All the slave master countries who come to us want to take our well prepared brains to use them for their own purposes. They all have had electricity for more than a century and they absolutely refuse to allow Ayiti to have it too. They could electrify all of Ayiti in one year or less. Ayiti is smaller than any of their provinces. They don't want to do it, along with their sewer representatives in the country, because with light a lot of the ignorance, superstition, time wasted, dependence on the exterior, will be GONE, GONE, GONE.

If we are not desperate enough, we can't be cheap labor, prostitutes, guinea pigs for any kind of toxic medication test, garbage disposal for any toxic waste, stupid enough to give our lands, our treasures in art and material goods.

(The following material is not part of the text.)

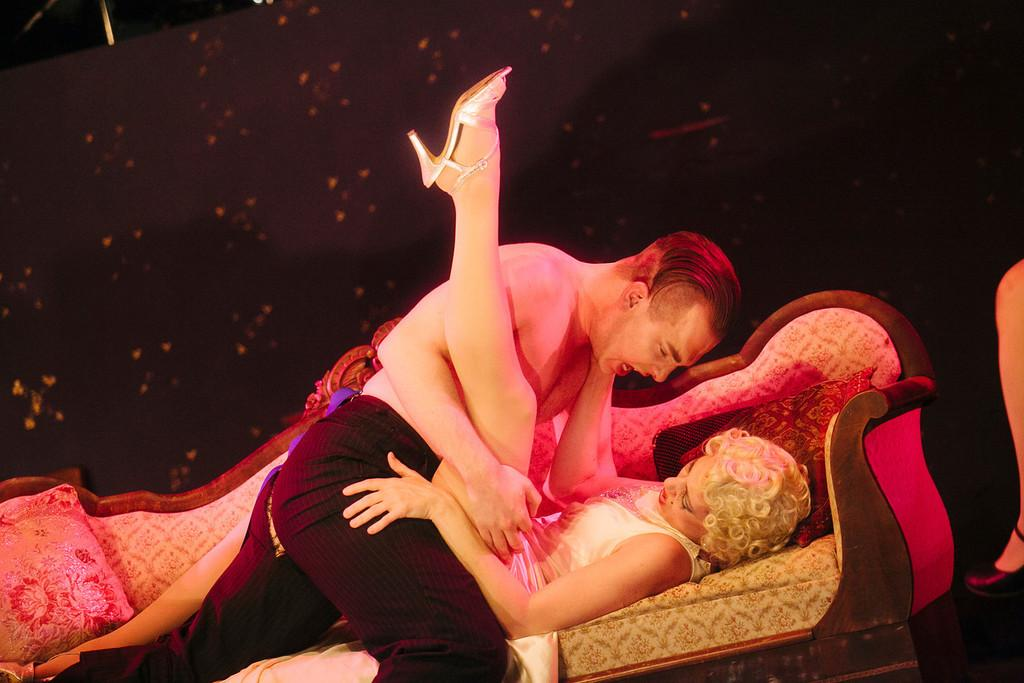Who are the two people in the image? There is a boy and a girl in the image. Where are the boy and girl located in the image? They are in the center of the image. What are they sitting on? They are sitting on a sofa. What type of basket is being used by the boy and girl in the image? There is no basket present in the image; the boy and girl are sitting on a sofa.

Let's not worry much about Preval's appearance. Let's examine his substance. He is tolerating the presence of MINUSTAH [United Nations Stabilization Mission in Haiti] in the country and that stinks! He is wasting money on non-consequential issues leaving Ayiti in more debts for the future. In 4 words: He does not care!

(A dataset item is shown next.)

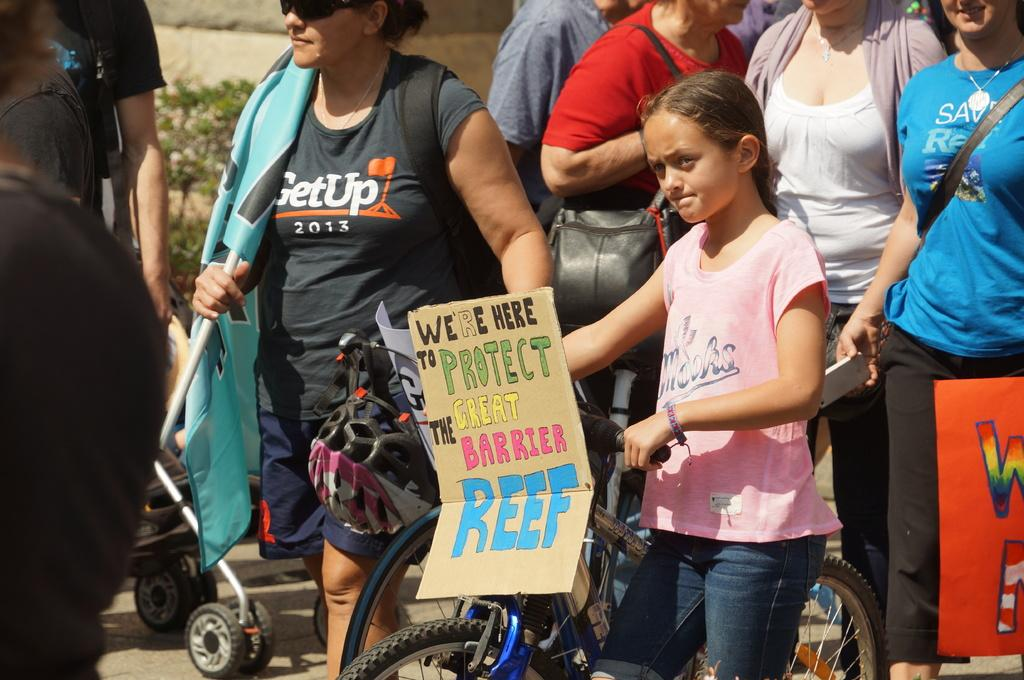What can be seen in the foreground of the picture? In the foreground of the picture, there are people, a bicycle, and a cart. What are some of the people holding in the picture? Some people are holding placards and a flag. What can be seen in the background of the picture? In the background, there is a plant and a wall. What type of mist can be seen surrounding the achiever in the image? There is no achiever or mist present in the image. What type of crown is the queen wearing in the image? There is no queen or crown present in the image.

Let's concentrate on how to prevent our people from eating mud. Let's teach them that most of the leaves in Haiti are edible. That's where all herbivores get their proteins and look how big they are. We have zepina, mazoumbel, lam veritab, fey zanmann, fey kann to name only a few. They are all edible. Legim tout jan! [foliage everywhere!] We don't have to eat meat which is putting a cadaver into our system anyway (and we know that cadaver do nothing but rot - decompose, decay - inside our bodies).

LET'S CONCENTRATE ON BUILDING! ENOUGH MENTAL MASTURBATION! ENOUGH DISTRUSTING OF EACH OTHER!

THE PEOPLE WHO WANT TO DESTROY US, ORGANIZE QUIETLY AGAINST US. LET'S TAKE A LEAF OUT OF THEIR BOOKS FOR A CHANGE!

By the way, anybody remember what Jesus used to wear, (Not the CRAP dished out by Michelangelo and Hollywood)? What Karl Marx used to wear? Anybody cares about what Castro wears? He was always in an army uniform, but the presidents in civilian uniforms killed their own people more than he will ever do. However his vision for his country is enduring.

Anybody cares about what Mother Teresa wore? She could have been in shorts like quite a few nuns in the Caribbean countries (which makes sense in a warm climate instead of that off-putting habit). Contrary to the media in this country, I am more interested in what the Obamas are up to than what they wear. I don't know of anyone who wants to come close to you and do you hard that will dress like a stinking bum.

I'll tell you a real story told to me by a Jewish female nurse. She was in a hair studio and this attractive white male dressed in a suit rang the bell. The salon owner and everyone present thought that it was one of these people selling beauty products since he had a suitcase. As soon as the door opened, he pulled a gun and told everybody to give their money and jewelry. After he cleaned out everybody, he calmly left the salon, got in his car and took off. Even after the incident and the report to the police, the women kept on repeating "but he looked so nice and well dressed". Remember: "L'habit ne fait pas le moine" [The habit does not make the Monk]. Even though we were raised with that saying, we still give more importance to appearance than substance.

Nobody cares either about what Martin Luther King, Rosa Parks, Sanite Belair, Defile, La Folle Bazile, Malcolm X and so many who have been courageous enough to show love to their fellow human beings, wore. Their actions, however, stay vividly in our collective memories even though we were not present when they acted.

My verbosity comes out of love. I would not give that much time to hateful people.

HatTip to HLLN for permission to post this here. I took the liberty of adding the emphasis in bold, translations and links.